A imagem de fluxo de manchas a laser demonstrou que, antes da oclusão da sutura de náilon monofilamentar, havia fluxo sanguíneo abundante na área da artéria cerebral média (ACM), e os valores basais de fluxo sanguíneo dos ratos foram registrados. Após a oclusão da ACM, o valor do fluxo sanguíneo no lado isquêmico do cérebro diminuiu rapidamente.
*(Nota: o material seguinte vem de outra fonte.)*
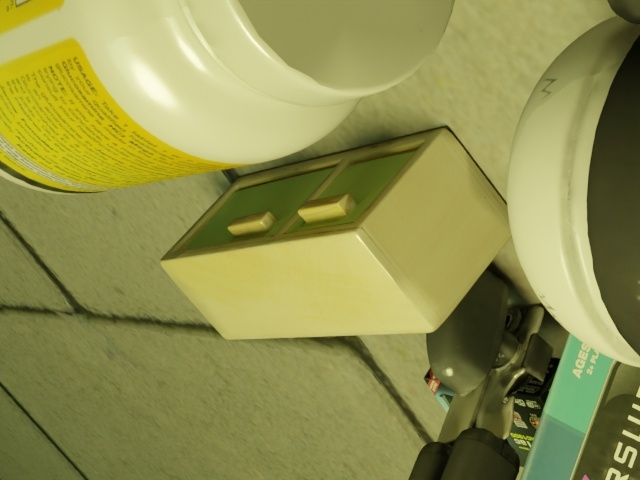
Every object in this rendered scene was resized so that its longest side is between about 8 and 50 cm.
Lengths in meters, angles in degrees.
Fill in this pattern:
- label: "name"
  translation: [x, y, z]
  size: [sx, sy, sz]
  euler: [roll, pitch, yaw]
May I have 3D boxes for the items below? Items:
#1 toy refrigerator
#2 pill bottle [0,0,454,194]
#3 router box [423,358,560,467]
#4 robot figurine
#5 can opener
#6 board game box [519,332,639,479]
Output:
- label: "toy refrigerator"
  translation: [0.000, 0.000, 0.942]
  size: [0.094, 0.102, 0.269]
  euler: [51, 153, -19]
- label: "pill bottle"
  translation: [-0.082, -0.129, 0.759]
  size: [0.188, 0.188, 0.334]
  euler: [52, 152, -21]
- label: "router box"
  translation: [0.147, 0.128, 1.010]
  size: [0.122, 0.038, 0.092]
  euler: [3, 136, 51]
- label: "robot figurine"
  translation: [0.210, -0.020, 0.559]
  size: [0.278, 0.174, 0.209]
  euler: [6, 95, 49]
- label: "can opener"
  translation: [0.071, 0.138, 0.859]
  size: [0.095, 0.283, 0.076]
  euler: [39, 141, -15]
- label: "board game box"
  translation: [0.268, 0.210, 0.765]
  size: [0.336, 0.079, 0.253]
  euler: [24, 108, 30]
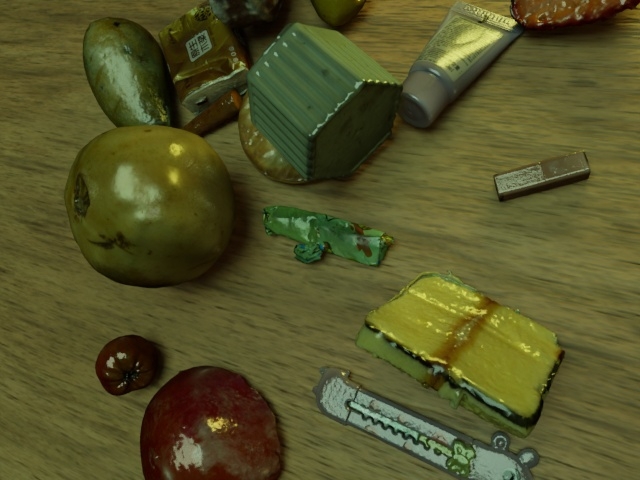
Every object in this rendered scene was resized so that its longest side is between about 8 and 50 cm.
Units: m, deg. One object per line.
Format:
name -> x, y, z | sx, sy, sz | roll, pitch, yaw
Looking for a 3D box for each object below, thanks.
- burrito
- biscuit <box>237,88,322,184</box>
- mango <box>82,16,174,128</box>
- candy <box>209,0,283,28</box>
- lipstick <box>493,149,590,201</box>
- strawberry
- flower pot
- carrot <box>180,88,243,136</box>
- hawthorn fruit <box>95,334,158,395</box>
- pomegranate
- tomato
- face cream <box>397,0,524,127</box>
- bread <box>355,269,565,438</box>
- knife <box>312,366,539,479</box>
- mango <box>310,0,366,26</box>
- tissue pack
burrito -> 0.000, 0.000, 0.959 | 0.288, 0.054, 0.104 | 17, 86, 23
biscuit -> -0.066, -0.226, 1.041 | 0.204, 0.040, 0.309 | -48, 67, 5
mango -> -0.452, -0.377, 1.176 | 0.176, 0.176, 0.329 | -18, 91, 49
candy -> -0.157, -0.607, 1.072 | 0.157, 0.214, 0.289 | -1, 69, 17
lipstick -> 0.375, -0.109, 0.836 | 0.145, 0.045, 0.045 | -15, 71, 18
strawberry -> 0.464, -0.452, 0.859 | 0.236, 0.111, 0.190 | -22, 80, 40
flower pot -> 0.006, -0.244, 0.884 | 0.189, 0.239, 0.209 | 47, 125, 21
carrot -> -0.274, -0.268, 1.130 | 0.224, 0.057, 0.057 | -27, 69, 20
hawthorn fruit -> -0.411, 0.252, 1.024 | 0.125, 0.125, 0.140 | -46, 68, 6
pomegranate -> -0.324, -0.071, 0.968 | 0.333, 0.332, 0.332 | -5, 76, 21
tomato -> -0.235, 0.372, 0.898 | 0.309, 0.170, 0.309 | -4, 77, 19
face cream -> 0.248, -0.342, 0.927 | 0.154, 0.096, 0.274 | 34, 79, 27
bread -> 0.213, 0.156, 0.733 | 0.263, 0.236, 0.198 | 27, 89, 25
knife -> 0.157, 0.329, 0.824 | 0.399, 0.038, 0.132 | 19, 83, 25
mango -> 0.030, -0.587, 1.043 | 0.167, 0.130, 0.262 | -18, 76, 20
tissue pack -> -0.261, -0.427, 1.142 | 0.183, 0.092, 0.226 | -27, 68, 15
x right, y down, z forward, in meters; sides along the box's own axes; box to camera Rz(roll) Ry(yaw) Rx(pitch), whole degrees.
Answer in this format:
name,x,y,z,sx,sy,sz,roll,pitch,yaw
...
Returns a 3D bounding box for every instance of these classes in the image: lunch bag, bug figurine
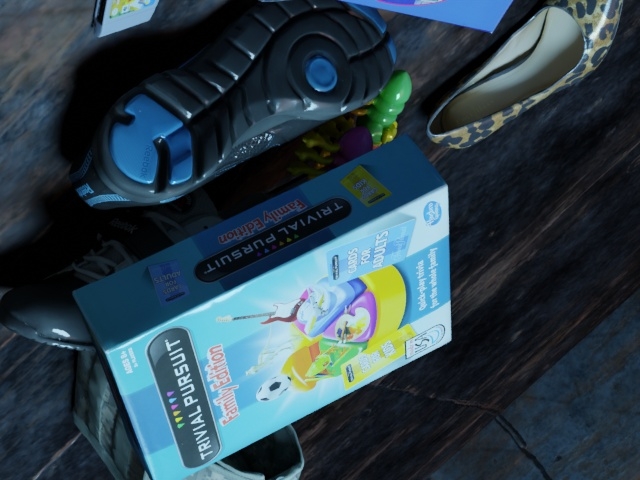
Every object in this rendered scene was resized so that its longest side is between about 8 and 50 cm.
name,x,y,z,sx,sy,sz,roll,pitch,yaw
lunch bag,-0.137,0.209,1.588,0.169,0.287,0.235,-29,156,-27
bug figurine,0.017,-0.063,1.459,0.279,0.072,0.216,-53,172,-50

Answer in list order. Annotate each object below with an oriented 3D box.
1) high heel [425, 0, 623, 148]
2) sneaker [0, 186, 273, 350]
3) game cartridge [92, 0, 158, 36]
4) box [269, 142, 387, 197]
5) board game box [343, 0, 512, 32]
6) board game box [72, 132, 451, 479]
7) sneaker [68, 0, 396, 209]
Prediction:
name,x,y,z,sx,sy,sz,roll,pitch,yaw
high heel,0.230,-0.199,1.646,0.186,0.093,0.261,-27,164,-44
sneaker,-0.169,0.014,1.421,0.330,0.122,0.146,-12,121,-47
game cartridge,-0.149,-0.199,1.155,0.056,0.017,0.083,-30,156,-34
box,0.000,0.000,1.714,0.183,0.056,0.231,-28,155,-25
board game box,0.110,-0.332,1.118,0.233,0.078,0.347,6,134,-30
board game box,-0.039,0.074,1.372,0.336,0.079,0.253,-26,145,-13
sneaker,-0.079,-0.130,1.310,0.341,0.125,0.140,-28,-177,-33
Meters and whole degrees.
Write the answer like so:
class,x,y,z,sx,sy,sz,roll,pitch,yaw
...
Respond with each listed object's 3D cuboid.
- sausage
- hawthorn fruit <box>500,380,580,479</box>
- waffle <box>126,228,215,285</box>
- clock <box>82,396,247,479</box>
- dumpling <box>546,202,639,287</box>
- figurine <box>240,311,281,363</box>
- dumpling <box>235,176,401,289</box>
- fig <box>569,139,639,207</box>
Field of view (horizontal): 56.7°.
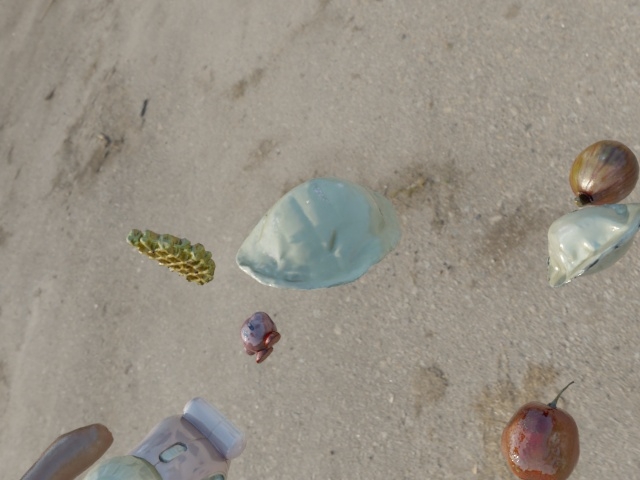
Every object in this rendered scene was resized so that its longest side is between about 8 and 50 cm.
class,x,y,z,sx,sy,sz,roll,pitch,yaw
sausage,-0.249,0.225,0.487,0.043,0.043,0.186,-3,35,42
hawthorn fruit,0.453,0.385,1.205,0.163,0.163,0.203,15,101,45
waffle,-0.296,0.038,1.211,0.161,0.192,0.046,9,64,3
clock,-0.315,0.485,1.088,0.184,0.326,0.342,27,117,19
dumpling,0.516,0.013,1.143,0.172,0.142,0.247,-54,2,-41
figurine,-0.111,0.170,1.063,0.071,0.067,0.083,41,110,20
dumpling,0.000,0.000,1.346,0.395,0.233,0.315,-15,31,-5
fig,0.712,-0.148,1.533,0.207,0.175,0.175,-53,44,-4
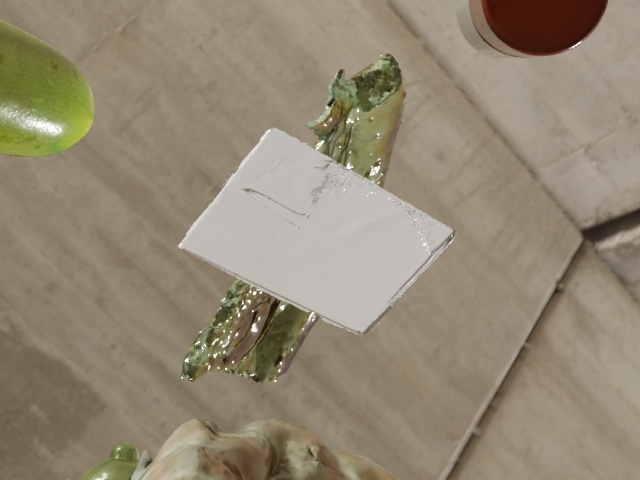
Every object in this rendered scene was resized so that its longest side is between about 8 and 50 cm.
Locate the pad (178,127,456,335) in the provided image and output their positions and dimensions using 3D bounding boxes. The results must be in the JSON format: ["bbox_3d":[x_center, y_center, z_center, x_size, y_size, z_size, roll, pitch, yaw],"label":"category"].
[{"bbox_3d":[0.000,0.000,0.888,0.232,0.004,0.156,28,-64,-27],"label":"pad"}]

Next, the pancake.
[{"bbox_3d":[-0.008,-0.001,1.012,0.067,0.305,0.426,33,-75,12],"label":"pancake"}]

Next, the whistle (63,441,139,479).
[{"bbox_3d":[-0.263,0.312,1.009,0.105,0.227,0.085,54,-10,12],"label":"whistle"}]

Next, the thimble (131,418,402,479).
[{"bbox_3d":[0.004,0.184,0.334,0.196,0.148,0.229,18,23,-39],"label":"thimble"}]

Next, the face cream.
[{"bbox_3d":[0.169,-0.199,0.779,0.096,0.096,0.214,42,11,-5],"label":"face cream"}]

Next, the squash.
[{"bbox_3d":[-0.566,-0.274,1.668,0.210,0.233,0.309,3,-8,33],"label":"squash"}]
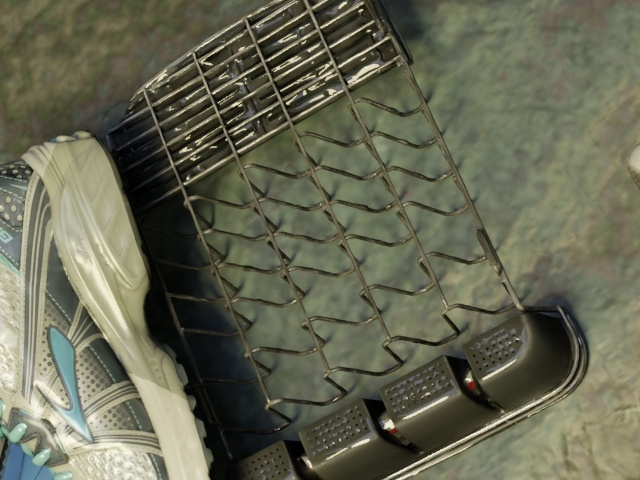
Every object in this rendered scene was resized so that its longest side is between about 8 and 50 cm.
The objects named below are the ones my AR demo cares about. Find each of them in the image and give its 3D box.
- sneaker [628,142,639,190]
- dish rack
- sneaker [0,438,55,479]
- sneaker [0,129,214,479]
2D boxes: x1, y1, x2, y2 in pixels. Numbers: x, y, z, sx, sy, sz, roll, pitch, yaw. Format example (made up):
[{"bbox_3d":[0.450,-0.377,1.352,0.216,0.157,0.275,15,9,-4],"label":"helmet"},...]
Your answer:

Antes de retirar a sutura, os valores do fluxo sanguíneo no lado isquêmico foram verificados novamente para confirmar se a sutura estava ocluindo a ACM. Os resultados indicaram apenas uma ligeira mudança no fluxo sanguíneo. Ao retirar a sutura, a perfusão do fluxo sanguíneo se recuperou rapidamente (Figura 2). O vídeo 1 também mostra o pulso de enchimento robusto da artéria carótida comum, sugerindo que esse método pode alcançar perfusão de fluxo sanguíneo suficiente pós-isquemia cerebral.
Os resultados dos escores de função neurológica (Figura 3) revelaram que, em comparação com o grupo de cirurgia simulada, o escore de Longa do grupo modelo foi de 1,80 ± 0,27 (p < 0,05) e o escore mNSS foi de 7,4 ± 0,89 (p < 0,05). Esses escores indicam que o modelo de oclusão/reperfusão da artéria cerebral média (MCAO/R) preparado usando esse método levou a danos neurológicos significativos. O vídeo 2 demonstra o comportamento característico dos ratos do grupo modelo girando enquanto engatinham, uma marca registrada de lesão induzida por AVC, confirmando ainda mais a validade desse método.
A coloração TTC demonstrou que a taxa de infarto nos ratos do grupo modelo foi de 5,58 ± 1,79 (p < 0,05), com a área do infarto afetando principalmente o estriado e o córtex, e o tamanho do infarto permaneceu relativamente estável. A coloração por imunofluorescência ilustrou a perda de neurônios corticais após isquemia-reperfusão (Figura 4). Esses achados indicam coletivamente que este método pode estabelecer um modelo MCAO/R estável adequado para avaliar a eficácia pré-clínica do medicamento.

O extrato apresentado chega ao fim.